By JULIANE FURNO*
Commentary on the recently released book by Leonardo Severo
The last 20 years have been particularly intense for those researchers, analysts, activists and those curious about international geopolitics. The form of exercising an imperialist hegemony with almost no competitors, which characterized the international scenario from the 1980s until the beginning of the 2000s – vocalized by the military, cultural, monetary and political power of the USA – gave way to increasingly fierce disputes. , in the interstate system.
The analysis of pressing issues – hot, I would say – that occupy the news, researchers and social organizations, suffers from partiality or a short-termist sense when they are not accompanied by reflections that combine the cyclical elements with the structural ones.

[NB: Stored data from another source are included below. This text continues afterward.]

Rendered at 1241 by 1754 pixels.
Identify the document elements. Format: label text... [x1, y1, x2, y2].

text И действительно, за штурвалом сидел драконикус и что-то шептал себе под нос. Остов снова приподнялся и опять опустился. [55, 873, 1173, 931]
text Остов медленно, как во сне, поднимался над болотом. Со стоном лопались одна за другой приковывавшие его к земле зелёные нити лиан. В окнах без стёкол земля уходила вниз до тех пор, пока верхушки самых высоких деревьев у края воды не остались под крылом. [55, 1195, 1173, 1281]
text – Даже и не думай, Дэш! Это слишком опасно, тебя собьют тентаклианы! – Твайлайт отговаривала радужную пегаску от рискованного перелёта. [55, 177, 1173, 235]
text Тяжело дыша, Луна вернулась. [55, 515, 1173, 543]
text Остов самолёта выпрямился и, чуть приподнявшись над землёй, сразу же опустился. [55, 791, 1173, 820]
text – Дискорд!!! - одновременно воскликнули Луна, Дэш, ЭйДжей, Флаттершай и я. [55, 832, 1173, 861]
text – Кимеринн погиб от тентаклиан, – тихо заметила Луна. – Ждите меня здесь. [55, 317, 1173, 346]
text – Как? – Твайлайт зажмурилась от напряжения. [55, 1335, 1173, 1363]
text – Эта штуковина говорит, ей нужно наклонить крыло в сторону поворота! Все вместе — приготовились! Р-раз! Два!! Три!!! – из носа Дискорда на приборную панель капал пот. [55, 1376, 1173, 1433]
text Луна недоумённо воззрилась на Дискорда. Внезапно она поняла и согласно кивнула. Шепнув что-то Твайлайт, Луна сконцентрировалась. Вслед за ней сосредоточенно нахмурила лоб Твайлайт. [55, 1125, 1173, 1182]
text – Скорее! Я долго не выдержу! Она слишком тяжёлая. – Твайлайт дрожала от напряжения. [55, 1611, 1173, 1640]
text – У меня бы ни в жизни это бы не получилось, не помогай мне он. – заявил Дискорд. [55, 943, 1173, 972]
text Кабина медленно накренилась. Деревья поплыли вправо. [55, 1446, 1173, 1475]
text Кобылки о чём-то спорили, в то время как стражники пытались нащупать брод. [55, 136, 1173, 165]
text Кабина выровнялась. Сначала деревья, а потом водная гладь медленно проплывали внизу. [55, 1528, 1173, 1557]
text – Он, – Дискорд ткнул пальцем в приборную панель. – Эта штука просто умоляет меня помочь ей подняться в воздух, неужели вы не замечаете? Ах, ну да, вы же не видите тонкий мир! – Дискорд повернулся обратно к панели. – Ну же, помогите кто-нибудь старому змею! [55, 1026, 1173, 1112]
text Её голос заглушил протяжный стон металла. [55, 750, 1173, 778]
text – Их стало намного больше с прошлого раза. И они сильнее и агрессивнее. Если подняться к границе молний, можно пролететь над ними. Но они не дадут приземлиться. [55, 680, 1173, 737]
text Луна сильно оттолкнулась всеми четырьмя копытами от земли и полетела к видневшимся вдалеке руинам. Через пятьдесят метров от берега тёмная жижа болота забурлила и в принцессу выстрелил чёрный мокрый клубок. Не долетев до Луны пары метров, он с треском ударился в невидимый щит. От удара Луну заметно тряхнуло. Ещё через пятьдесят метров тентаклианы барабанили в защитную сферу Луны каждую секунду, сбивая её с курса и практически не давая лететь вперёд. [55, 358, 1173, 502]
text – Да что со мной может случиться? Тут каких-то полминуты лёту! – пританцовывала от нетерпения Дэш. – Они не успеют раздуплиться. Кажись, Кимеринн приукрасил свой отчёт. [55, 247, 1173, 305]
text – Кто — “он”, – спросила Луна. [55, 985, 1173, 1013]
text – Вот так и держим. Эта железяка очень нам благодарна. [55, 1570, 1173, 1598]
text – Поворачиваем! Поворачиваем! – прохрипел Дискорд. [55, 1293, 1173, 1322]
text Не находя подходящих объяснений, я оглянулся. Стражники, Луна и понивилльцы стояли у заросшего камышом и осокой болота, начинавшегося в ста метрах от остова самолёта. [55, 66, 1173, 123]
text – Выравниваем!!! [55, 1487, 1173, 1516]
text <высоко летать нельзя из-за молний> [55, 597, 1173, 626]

Current geopolitical conflicts, whether those expressed in an open bellicose way or those that use commercial war techniques, are phenomenal expressions of socio-political dynamics based on deeper processes, related to the way in which, very briefly, competitive capitalism transmuted into imperialist capitalism, as soon as capitalism reached its “maturity”, determined by the achievement of one of its trend laws, which is that of concentration and centralization of capital, resulting in the tendency towards oligopoly/monopoly, explaining a economic form in which “free competition” is replaced by a new form of “competition”, restricted to a few large economic groups linked to their national states of origin.

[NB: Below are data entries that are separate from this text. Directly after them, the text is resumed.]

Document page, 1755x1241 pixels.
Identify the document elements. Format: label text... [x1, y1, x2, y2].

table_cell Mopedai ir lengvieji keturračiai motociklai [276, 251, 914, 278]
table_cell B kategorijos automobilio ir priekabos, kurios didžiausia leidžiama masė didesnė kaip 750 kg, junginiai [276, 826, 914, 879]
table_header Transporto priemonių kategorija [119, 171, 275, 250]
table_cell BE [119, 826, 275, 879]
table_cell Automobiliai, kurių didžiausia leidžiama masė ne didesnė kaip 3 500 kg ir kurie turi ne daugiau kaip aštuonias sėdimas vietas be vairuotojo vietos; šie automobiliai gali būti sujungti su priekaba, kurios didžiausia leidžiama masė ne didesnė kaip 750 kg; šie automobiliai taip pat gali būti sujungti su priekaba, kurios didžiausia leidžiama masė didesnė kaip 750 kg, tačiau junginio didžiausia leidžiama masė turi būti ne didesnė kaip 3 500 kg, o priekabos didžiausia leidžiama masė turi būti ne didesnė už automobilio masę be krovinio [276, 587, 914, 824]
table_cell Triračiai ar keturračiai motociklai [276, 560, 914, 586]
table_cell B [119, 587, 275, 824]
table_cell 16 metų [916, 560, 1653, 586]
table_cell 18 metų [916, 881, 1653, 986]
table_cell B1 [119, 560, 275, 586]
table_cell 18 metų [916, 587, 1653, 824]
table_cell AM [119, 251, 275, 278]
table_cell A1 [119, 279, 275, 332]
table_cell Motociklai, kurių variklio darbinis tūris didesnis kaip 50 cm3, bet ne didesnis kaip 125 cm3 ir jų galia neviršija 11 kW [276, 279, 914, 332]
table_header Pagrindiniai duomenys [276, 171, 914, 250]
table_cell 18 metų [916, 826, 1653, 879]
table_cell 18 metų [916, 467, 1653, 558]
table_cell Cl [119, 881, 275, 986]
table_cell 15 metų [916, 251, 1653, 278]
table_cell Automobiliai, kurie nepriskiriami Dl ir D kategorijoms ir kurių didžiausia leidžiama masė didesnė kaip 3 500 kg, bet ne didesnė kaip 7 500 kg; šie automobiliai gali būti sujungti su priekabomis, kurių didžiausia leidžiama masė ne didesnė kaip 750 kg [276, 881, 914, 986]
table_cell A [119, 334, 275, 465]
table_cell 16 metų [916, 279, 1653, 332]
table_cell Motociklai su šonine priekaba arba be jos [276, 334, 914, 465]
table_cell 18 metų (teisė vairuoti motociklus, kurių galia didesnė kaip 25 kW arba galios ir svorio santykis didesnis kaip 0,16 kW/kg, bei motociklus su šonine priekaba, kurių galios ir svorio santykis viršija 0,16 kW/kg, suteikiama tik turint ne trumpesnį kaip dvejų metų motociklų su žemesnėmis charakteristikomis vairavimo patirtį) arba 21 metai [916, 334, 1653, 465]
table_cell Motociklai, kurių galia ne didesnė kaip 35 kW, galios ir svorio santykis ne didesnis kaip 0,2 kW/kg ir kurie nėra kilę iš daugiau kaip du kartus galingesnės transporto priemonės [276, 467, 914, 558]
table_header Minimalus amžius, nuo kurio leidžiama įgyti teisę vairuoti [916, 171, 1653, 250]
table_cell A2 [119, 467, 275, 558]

In this sense, Leonardo Severo's book places us at this point. At the same time that it deals with contemporary issues, which concern not only the forms of State; to cycles of hegemony; current geopolitical disputes and even projects challenges for overcoming capitalism, it also calls us to reflect on the socio-historical conditions in which this mode of production – which we will, hopefully, overcome together – was formed, paying attention to the historical character and, therefore, transitional of capitalism, as well as the structures that its development created: the developed ones, located in the center and the underdeveloped and dependent ones, located in the periphery.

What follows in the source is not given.